Copy the listing exactly as given. Omit every picture.
·····
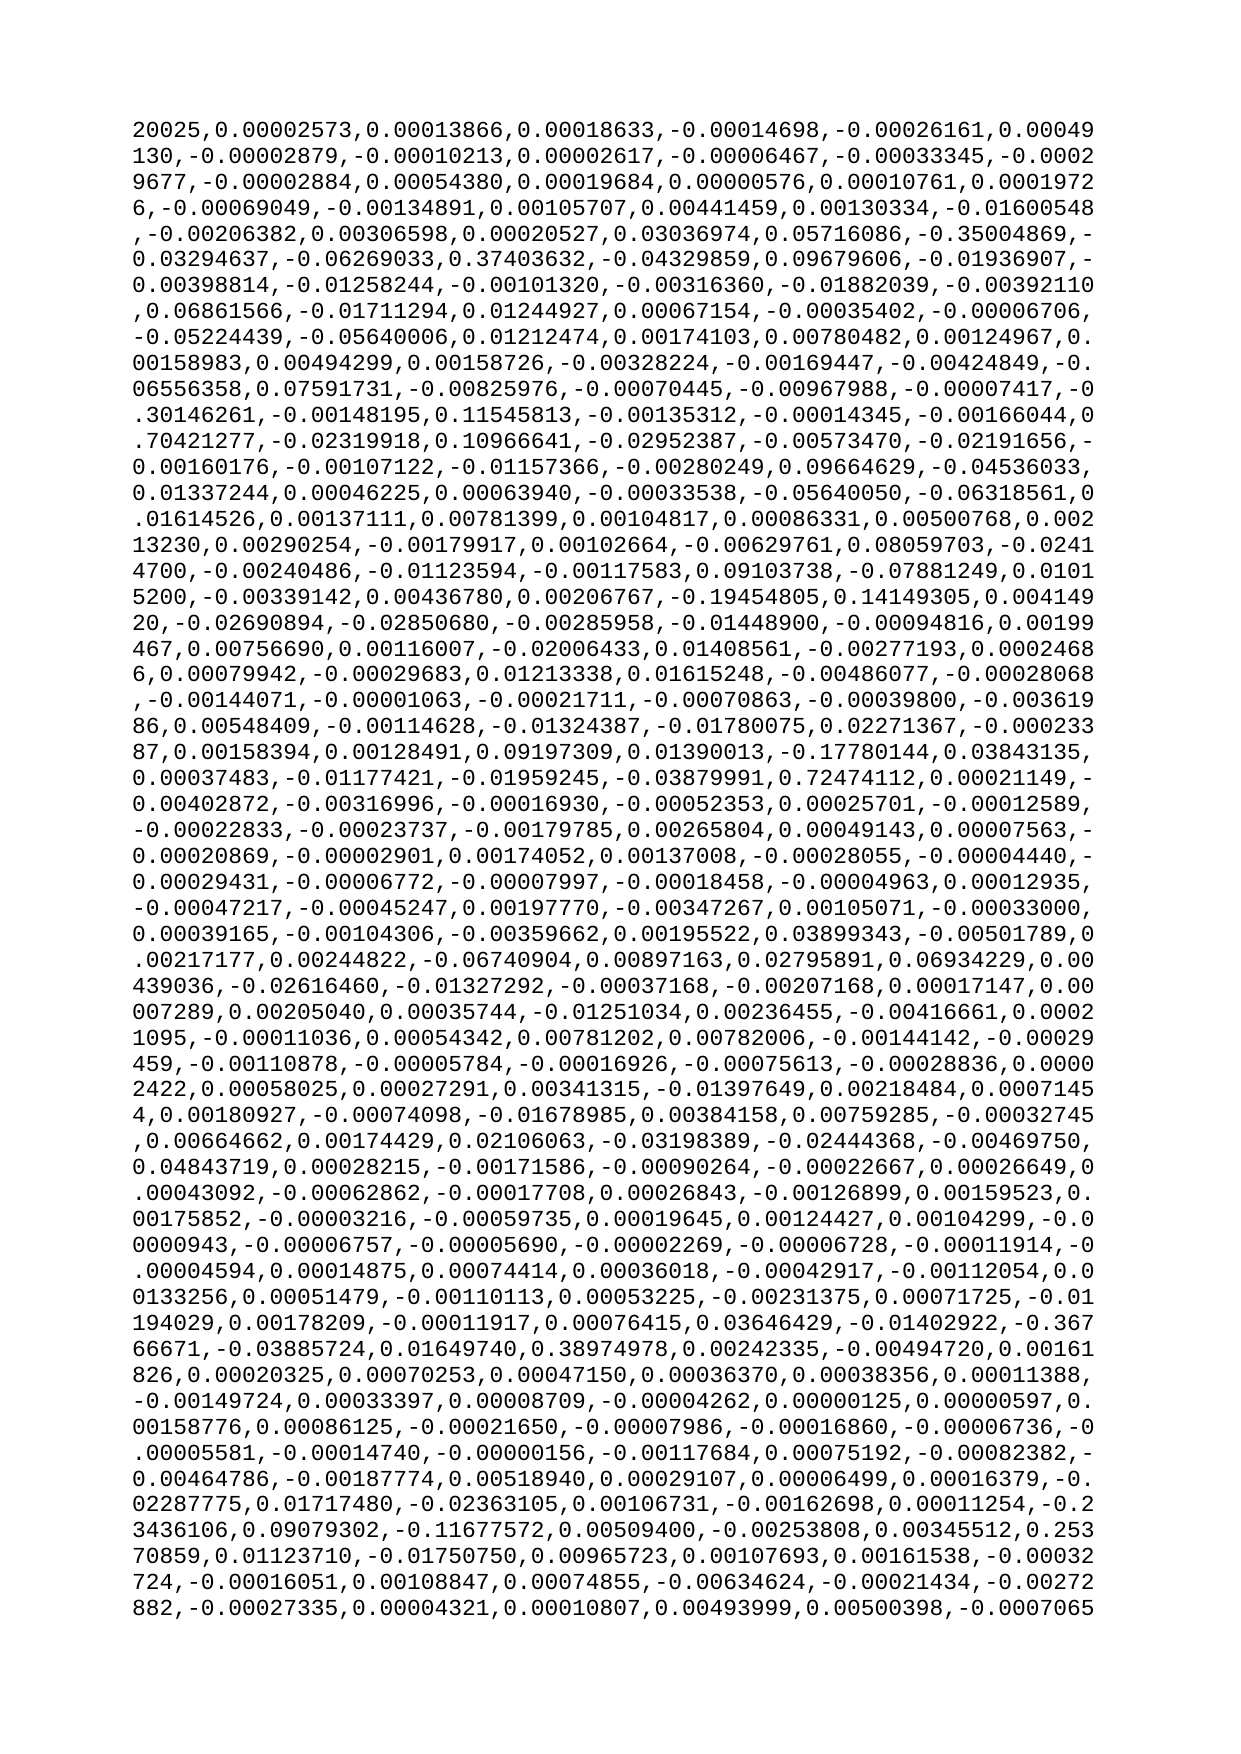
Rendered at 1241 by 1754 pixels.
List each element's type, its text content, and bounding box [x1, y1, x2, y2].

text 1095,-0.00011036,0.00054342,0.00781202,0.00782006,-0.00144142,-0.00029 [118, 1026, 1122, 1052]
text 20025,0.00002573,0.00013866,0.00018633,-0.00014698,-0.00026161,0.00049 [118, 118, 1122, 144]
text 20,-0.02690894,-0.02850680,-0.00285958,-0.01448900,-0.00094816,0.00199 [118, 611, 1122, 637]
text 0.00039165,-0.00104306,-0.00359662,0.00195522,0.03899343,-0.00501789,0 [118, 922, 1122, 948]
text 9677,-0.00002884,0.00054380,0.00019684,0.00000576,0.00010761,0.0001972 [118, 170, 1122, 196]
text 467,0.00756690,0.00116007,-0.02006433,0.01408561,-0.00277193,0.0002468 [118, 637, 1122, 663]
text 0.03294637,-0.06269033,0.37403632,-0.04329859,0.09679606,-0.01936907,- [118, 248, 1122, 274]
text ,-0.00206382,0.00306598,0.00020527,0.03036974,0.05716086,-0.35004869,- [118, 222, 1122, 248]
text 6,-0.00069049,-0.00134891,0.00105707,0.00441459,0.00130334,-0.01600548 [118, 196, 1122, 222]
text 0.00402872,-0.00316996,-0.00016930,-0.00052353,0.00025701,-0.00012589, [118, 792, 1122, 818]
text 87,0.00158394,0.00128491,0.09197309,0.01390013,-0.17780144,0.03843135, [118, 741, 1122, 767]
text .30146261,-0.00148195,0.11545813,-0.00135312,-0.00014345,-0.00166044,0 [118, 403, 1122, 429]
text 0.00037483,-0.01177421,-0.01959245,-0.03879991,0.72474112,0.00021149,- [118, 767, 1122, 792]
text .00043092,-0.00062862,-0.00017708,0.00026843,-0.00126899,0.00159523,0. [118, 1182, 1122, 1207]
text 13230,0.00290254,-0.00179917,0.00102664,-0.00629761,0.08059703,-0.0241 [118, 533, 1122, 559]
text ,-0.00144071,-0.00001063,-0.00021711,-0.00070863,-0.00039800,-0.003619 [118, 689, 1122, 715]
text 724,-0.00016051,0.00108847,0.00074855,-0.00634624,-0.00021434,-0.00272 [118, 1571, 1122, 1597]
text 459,-0.00110878,-0.00005784,-0.00016926,-0.00075613,-0.00028836,0.0000 [118, 1052, 1122, 1078]
text 0.00464786,-0.00187774,0.00518940,0.00029107,0.00006499,0.00016379,-0. [118, 1467, 1122, 1493]
text 00158776,0.00086125,-0.00021650,-0.00007986,-0.00016860,-0.00006736,-0 [118, 1415, 1122, 1441]
text 5200,-0.00339142,0.00436780,0.00206767,-0.19454805,0.14149305,0.004149 [118, 585, 1122, 611]
text 02287775,0.01717480,-0.02363105,0.00106731,-0.00162698,0.00011254,-0.2 [118, 1493, 1122, 1519]
text 0.04843719,0.00028215,-0.00171586,-0.00090264,-0.00022667,0.00026649,0 [118, 1156, 1122, 1182]
text .00004594,0.00014875,0.00074414,0.00036018,-0.00042917,-0.00112054,0.0 [118, 1259, 1122, 1285]
text -0.00149724,0.00033397,0.00008709,-0.00004262,0.00000125,0.00000597,0. [118, 1389, 1122, 1415]
text .70421277,-0.02319918,0.10966641,-0.02952387,-0.00573470,-0.02191656,- [118, 429, 1122, 455]
text 3436106,0.09079302,-0.11677572,0.00509400,-0.00253808,0.00345512,0.253 [118, 1519, 1122, 1545]
text 6,0.00079942,-0.00029683,0.01213338,0.01615248,-0.00486077,-0.00028068 [118, 663, 1122, 689]
text 0000943,-0.00006757,-0.00005690,-0.00002269,-0.00006728,-0.00011914,-0 [118, 1233, 1122, 1259]
text ,0.00664662,0.00174429,0.02106063,-0.03198389,-0.02444368,-0.00469750, [118, 1130, 1122, 1156]
text 00175852,-0.00003216,-0.00059735,0.00019645,0.00124427,0.00104299,-0.0 [118, 1207, 1122, 1233]
text 194029,0.00178209,-0.00011917,0.00076415,0.03646429,-0.01402922,-0.367 [118, 1311, 1122, 1337]
text -0.05224439,-0.05640006,0.01212474,0.00174103,0.00780482,0.00124967,0. [118, 326, 1122, 352]
text 882,-0.00027335,0.00004321,0.00010807,0.00493999,0.00500398,-0.0007065 [118, 1597, 1122, 1622]
text -0.00022833,-0.00023737,-0.00179785,0.00265804,0.00049143,0.00007563,- [118, 818, 1122, 844]
text .00005581,-0.00014740,-0.00000156,-0.00117684,0.00075192,-0.00082382,- [118, 1441, 1122, 1467]
text 00158983,0.00494299,0.00158726,-0.00328224,-0.00169447,-0.00424849,-0. [118, 352, 1122, 377]
text -0.00047217,-0.00045247,0.00197770,-0.00347267,0.00105071,-0.00033000, [118, 896, 1122, 922]
text 86,0.00548409,-0.00114628,-0.01324387,-0.01780075,0.02271367,-0.000233 [118, 715, 1122, 741]
text 130,-0.00002879,-0.00010213,0.00002617,-0.00006467,-0.00033345,-0.0002 [118, 144, 1122, 170]
text 4,0.00180927,-0.00074098,-0.01678985,0.00384158,0.00759285,-0.00032745 [118, 1104, 1122, 1130]
text .01614526,0.00137111,0.00781399,0.00104817,0.00086331,0.00500768,0.002 [118, 507, 1122, 533]
text 0133256,0.00051479,-0.00110113,0.00053225,-0.00231375,0.00071725,-0.01 [118, 1285, 1122, 1311]
text 439036,-0.02616460,-0.01327292,-0.00037168,-0.00207168,0.00017147,0.00 [118, 974, 1122, 1000]
text 826,0.00020325,0.00070253,0.00047150,0.00036370,0.00038356,0.00011388, [118, 1363, 1122, 1389]
text 0.01337244,0.00046225,0.00063940,-0.00033538,-0.05640050,-0.06318561,0 [118, 481, 1122, 507]
text 0.00160176,-0.00107122,-0.01157366,-0.00280249,0.09664629,-0.04536033, [118, 455, 1122, 481]
text 0.00029431,-0.00006772,-0.00007997,-0.00018458,-0.00004963,0.00012935, [118, 870, 1122, 896]
text ,0.06861566,-0.01711294,0.01244927,0.00067154,-0.00035402,-0.00006706, [118, 300, 1122, 326]
text 70859,0.01123710,-0.01750750,0.00965723,0.00107693,0.00161538,-0.00032 [118, 1545, 1122, 1571]
text .00217177,0.00244822,-0.06740904,0.00897163,0.02795891,0.06934229,0.00 [118, 948, 1122, 974]
text 007289,0.00205040,0.00035744,-0.01251034,0.00236455,-0.00416661,0.0002 [118, 1000, 1122, 1026]
text 4700,-0.00240486,-0.01123594,-0.00117583,0.09103738,-0.07881249,0.0101 [118, 559, 1122, 585]
text 06556358,0.07591731,-0.00825976,-0.00070445,-0.00967988,-0.00007417,-0 [118, 377, 1122, 403]
text 66671,-0.03885724,0.01649740,0.38974978,0.00242335,-0.00494720,0.00161 [118, 1337, 1122, 1363]
text 0.00020869,-0.00002901,0.00174052,0.00137008,-0.00028055,-0.00004440,- [118, 844, 1122, 870]
text 2422,0.00058025,0.00027291,0.00341315,-0.01397649,0.00218484,0.0007145 [118, 1078, 1122, 1104]
text 0.00398814,-0.01258244,-0.00101320,-0.00316360,-0.01882039,-0.00392110 [118, 274, 1122, 300]
·····
▸ **FINAL ANSWER**:
Rendered at 1241 by 1754 pixels.
List each element's type, its text content, and bounding box [x1, y1, x2, y2].

text 1095,-0.00011036,0.00054342,0.00781202,0.00782006,-0.00144142,-0.00029 [118, 1026, 1122, 1052]
text 20025,0.00002573,0.00013866,0.00018633,-0.00014698,-0.00026161,0.00049 [118, 118, 1122, 144]
text 20,-0.02690894,-0.02850680,-0.00285958,-0.01448900,-0.00094816,0.00199 [118, 611, 1122, 637]
text 0.00039165,-0.00104306,-0.00359662,0.00195522,0.03899343,-0.00501789,0 [118, 922, 1122, 948]
text 9677,-0.00002884,0.00054380,0.00019684,0.00000576,0.00010761,0.0001972 [118, 170, 1122, 196]
text 467,0.00756690,0.00116007,-0.02006433,0.01408561,-0.00277193,0.0002468 [118, 637, 1122, 663]
text 0.03294637,-0.06269033,0.37403632,-0.04329859,0.09679606,-0.01936907,- [118, 248, 1122, 274]
text ,-0.00206382,0.00306598,0.00020527,0.03036974,0.05716086,-0.35004869,- [118, 222, 1122, 248]
text 6,-0.00069049,-0.00134891,0.00105707,0.00441459,0.00130334,-0.01600548 [118, 196, 1122, 222]
text 0.00402872,-0.00316996,-0.00016930,-0.00052353,0.00025701,-0.00012589, [118, 792, 1122, 818]
text 87,0.00158394,0.00128491,0.09197309,0.01390013,-0.17780144,0.03843135, [118, 741, 1122, 767]
text .30146261,-0.00148195,0.11545813,-0.00135312,-0.00014345,-0.00166044,0 [118, 403, 1122, 429]
text 0.00037483,-0.01177421,-0.01959245,-0.03879991,0.72474112,0.00021149,- [118, 767, 1122, 792]
text .00043092,-0.00062862,-0.00017708,0.00026843,-0.00126899,0.00159523,0. [118, 1182, 1122, 1207]
text 13230,0.00290254,-0.00179917,0.00102664,-0.00629761,0.08059703,-0.0241 [118, 533, 1122, 559]
text ,-0.00144071,-0.00001063,-0.00021711,-0.00070863,-0.00039800,-0.003619 [118, 689, 1122, 715]
text 724,-0.00016051,0.00108847,0.00074855,-0.00634624,-0.00021434,-0.00272 [118, 1571, 1122, 1597]
text 459,-0.00110878,-0.00005784,-0.00016926,-0.00075613,-0.00028836,0.0000 [118, 1052, 1122, 1078]
text 0.00464786,-0.00187774,0.00518940,0.00029107,0.00006499,0.00016379,-0. [118, 1467, 1122, 1493]
text 00158776,0.00086125,-0.00021650,-0.00007986,-0.00016860,-0.00006736,-0 [118, 1415, 1122, 1441]
text 5200,-0.00339142,0.00436780,0.00206767,-0.19454805,0.14149305,0.004149 [118, 585, 1122, 611]
text 02287775,0.01717480,-0.02363105,0.00106731,-0.00162698,0.00011254,-0.2 [118, 1493, 1122, 1519]
text 0.04843719,0.00028215,-0.00171586,-0.00090264,-0.00022667,0.00026649,0 [118, 1156, 1122, 1182]
text .00004594,0.00014875,0.00074414,0.00036018,-0.00042917,-0.00112054,0.0 [118, 1259, 1122, 1285]
text -0.00149724,0.00033397,0.00008709,-0.00004262,0.00000125,0.00000597,0. [118, 1389, 1122, 1415]
text .70421277,-0.02319918,0.10966641,-0.02952387,-0.00573470,-0.02191656,- [118, 429, 1122, 455]
text 3436106,0.09079302,-0.11677572,0.00509400,-0.00253808,0.00345512,0.253 [118, 1519, 1122, 1545]
text 6,0.00079942,-0.00029683,0.01213338,0.01615248,-0.00486077,-0.00028068 [118, 663, 1122, 689]
text 0000943,-0.00006757,-0.00005690,-0.00002269,-0.00006728,-0.00011914,-0 [118, 1233, 1122, 1259]
text ,0.00664662,0.00174429,0.02106063,-0.03198389,-0.02444368,-0.00469750, [118, 1130, 1122, 1156]
text 00175852,-0.00003216,-0.00059735,0.00019645,0.00124427,0.00104299,-0.0 [118, 1207, 1122, 1233]
text 194029,0.00178209,-0.00011917,0.00076415,0.03646429,-0.01402922,-0.367 [118, 1311, 1122, 1337]
text -0.05224439,-0.05640006,0.01212474,0.00174103,0.00780482,0.00124967,0. [118, 326, 1122, 352]
text 882,-0.00027335,0.00004321,0.00010807,0.00493999,0.00500398,-0.0007065 [118, 1597, 1122, 1622]
text -0.00022833,-0.00023737,-0.00179785,0.00265804,0.00049143,0.00007563,- [118, 818, 1122, 844]
text .00005581,-0.00014740,-0.00000156,-0.00117684,0.00075192,-0.00082382,- [118, 1441, 1122, 1467]
text 00158983,0.00494299,0.00158726,-0.00328224,-0.00169447,-0.00424849,-0. [118, 352, 1122, 377]
text -0.00047217,-0.00045247,0.00197770,-0.00347267,0.00105071,-0.00033000, [118, 896, 1122, 922]
text 86,0.00548409,-0.00114628,-0.01324387,-0.01780075,0.02271367,-0.000233 [118, 715, 1122, 741]
text 130,-0.00002879,-0.00010213,0.00002617,-0.00006467,-0.00033345,-0.0002 [118, 144, 1122, 170]
text 4,0.00180927,-0.00074098,-0.01678985,0.00384158,0.00759285,-0.00032745 [118, 1104, 1122, 1130]
text .01614526,0.00137111,0.00781399,0.00104817,0.00086331,0.00500768,0.002 [118, 507, 1122, 533]
text 0133256,0.00051479,-0.00110113,0.00053225,-0.00231375,0.00071725,-0.01 [118, 1285, 1122, 1311]
text 439036,-0.02616460,-0.01327292,-0.00037168,-0.00207168,0.00017147,0.00 [118, 974, 1122, 1000]
text 826,0.00020325,0.00070253,0.00047150,0.00036370,0.00038356,0.00011388, [118, 1363, 1122, 1389]
text 0.01337244,0.00046225,0.00063940,-0.00033538,-0.05640050,-0.06318561,0 [118, 481, 1122, 507]
text 0.00160176,-0.00107122,-0.01157366,-0.00280249,0.09664629,-0.04536033, [118, 455, 1122, 481]
text 0.00029431,-0.00006772,-0.00007997,-0.00018458,-0.00004963,0.00012935, [118, 870, 1122, 896]
text ,0.06861566,-0.01711294,0.01244927,0.00067154,-0.00035402,-0.00006706, [118, 300, 1122, 326]
text 70859,0.01123710,-0.01750750,0.00965723,0.00107693,0.00161538,-0.00032 [118, 1545, 1122, 1571]
text .00217177,0.00244822,-0.06740904,0.00897163,0.02795891,0.06934229,0.00 [118, 948, 1122, 974]
text 007289,0.00205040,0.00035744,-0.01251034,0.00236455,-0.00416661,0.0002 [118, 1000, 1122, 1026]
text 4700,-0.00240486,-0.01123594,-0.00117583,0.09103738,-0.07881249,0.0101 [118, 559, 1122, 585]
text 06556358,0.07591731,-0.00825976,-0.00070445,-0.00967988,-0.00007417,-0 [118, 377, 1122, 403]
text 66671,-0.03885724,0.01649740,0.38974978,0.00242335,-0.00494720,0.00161 [118, 1337, 1122, 1363]
text 0.00020869,-0.00002901,0.00174052,0.00137008,-0.00028055,-0.00004440,- [118, 844, 1122, 870]
text 2422,0.00058025,0.00027291,0.00341315,-0.01397649,0.00218484,0.0007145 [118, 1078, 1122, 1104]
text 0.00398814,-0.01258244,-0.00101320,-0.00316360,-0.01882039,-0.00392110 [118, 274, 1122, 300]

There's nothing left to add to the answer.